Ahora bien, si podría ser causa de anulabilidad las consecuencias que se pudieran derivar del análisis de la aplicabilidad o no del artículo 51 de la Ordenanza sobre Conservación, Rehabilitación y Estado Ruinoso de las Edificaciones. Visto el contenido de dicho precepto, en redacción anterior a la modificación operada en el año 2002 (BOCAM 278, de 22 de noviembre ) que varía sustancialmente en cuanto a los supuestos de aplicación de los informes según redacción del artículo 19 pero que no es de aplicación habida cuenta que el expediente se inició en el año 2000, resulta condición indispensable de aplicabilidad que el edificio forme parte del Patrimonio Histórico y Natural o que esté incluido en las área reguladas por la normas zonales 1 y 2 en los términos establecidos en el artículo 4.3.7 de las Normas Urbanísticas, y resulta claro de la ficha de la finca y de los propios informes técnicos que nos encontramos ante un edificio de la norma zonal 1 con protección 3 y por ello incardinable en el artículo 4.3.7 lo que determina el carácter preceptivo del informe para formar la voluntad del órgano resolutorio, lo que resulta diferente a la falta de motivación, y en el procedimiento se informó, a fecha 23 de febrero de 2005, que el citado informe no había sido emitido lo que determina el vicio causante de la anulabilidad del acto provocando la admisión de este motivo y ordenando retrotraer el expediente administrativo a fin de que por el citado organismo se pronuncie respecto del expediente de ruina revocándose la sentencia de instancia al no haberlo entendido así.

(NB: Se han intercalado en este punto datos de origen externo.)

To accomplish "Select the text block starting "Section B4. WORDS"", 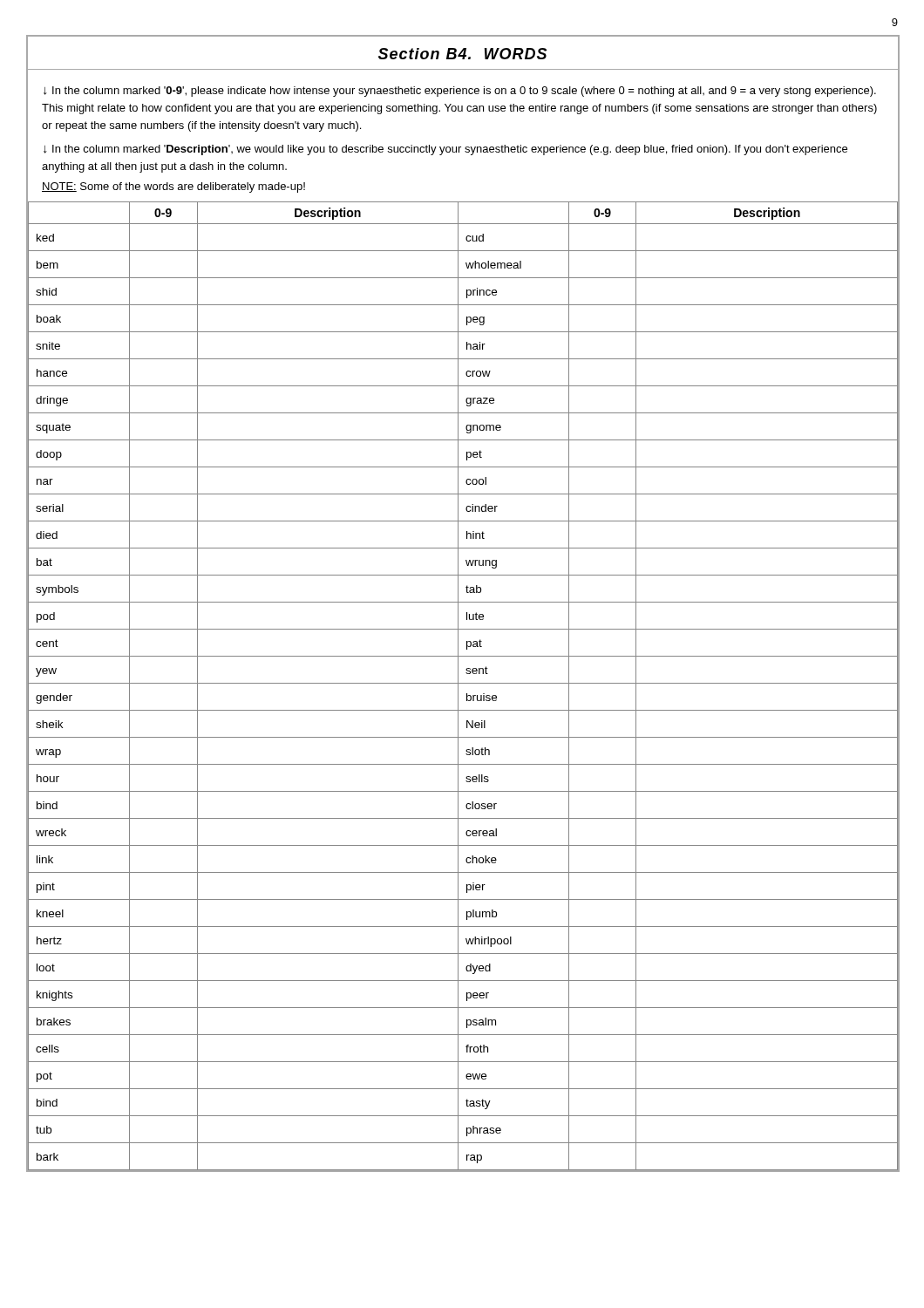I will tap(463, 54).

QUINTO.- Con arreglo al art. 139 de la Ley reguladora de la Jurisdicción Contenciosa-Administrativa (RCL 19981741 ), será el apelante que vea íntegramente rechazadas sus pretensiones quien deberá abonar las costas procesales. El apelante es don Leonardo y la mercantil SARELI SL por lo que al haber obtenido un pronunciamiento favorable, no procede su condena.

VISTOS.- Los artículos citados y demás de general y pertinente aplicación.

Fallo

En atención a todo lo expuesto, la Sala de lo Contencioso-administrativo (Sección 2ª) en el recurso de apelación formulado por don Leonardo y la mercantil SARELI SL, representados por la Procuradora de los Tribunales doña Isabel Julia Corujo y defendidos por el Letrado don Antonio Hernández Tejedor, contra la Sentencia de 22 de abril de 2.005 dictada por el Juzgado de lo Contencioso-Administrativo nº 16 de Madrid , en procedimiento ordinario nº 66/03, ha decidido:

Primero.- Estimar dicho recurso de apelación.

Segundo.- Revocar la citada sentencia de 22 de abril de 2.005 dictada por el Juzgado de lo Contencioso-Administrativo nº 16 de Madrid , en procedimiento ordinario nº 66/03y, en su consecuencia, anular la declaración de ruina acordada por la resolución combatida y mandar retrotraer el procedimiento administrativo a fin de que se emita el informe al que se hace referencia en el cuerpo de esta sentencia.

Tercero.- No efectuar condenar en costas en esta instancia.

Así por esta nuestra sentencia lo pronunciamos, mandamos y firmamos.

PUBLICACIÓN: Leída y publicada fue la anterior sentencia por el Iltmo. Sr. Don Francisco Javier Canabal Conejos, estando celebrando audiencia pública en el mismo día de su fecha; certifico.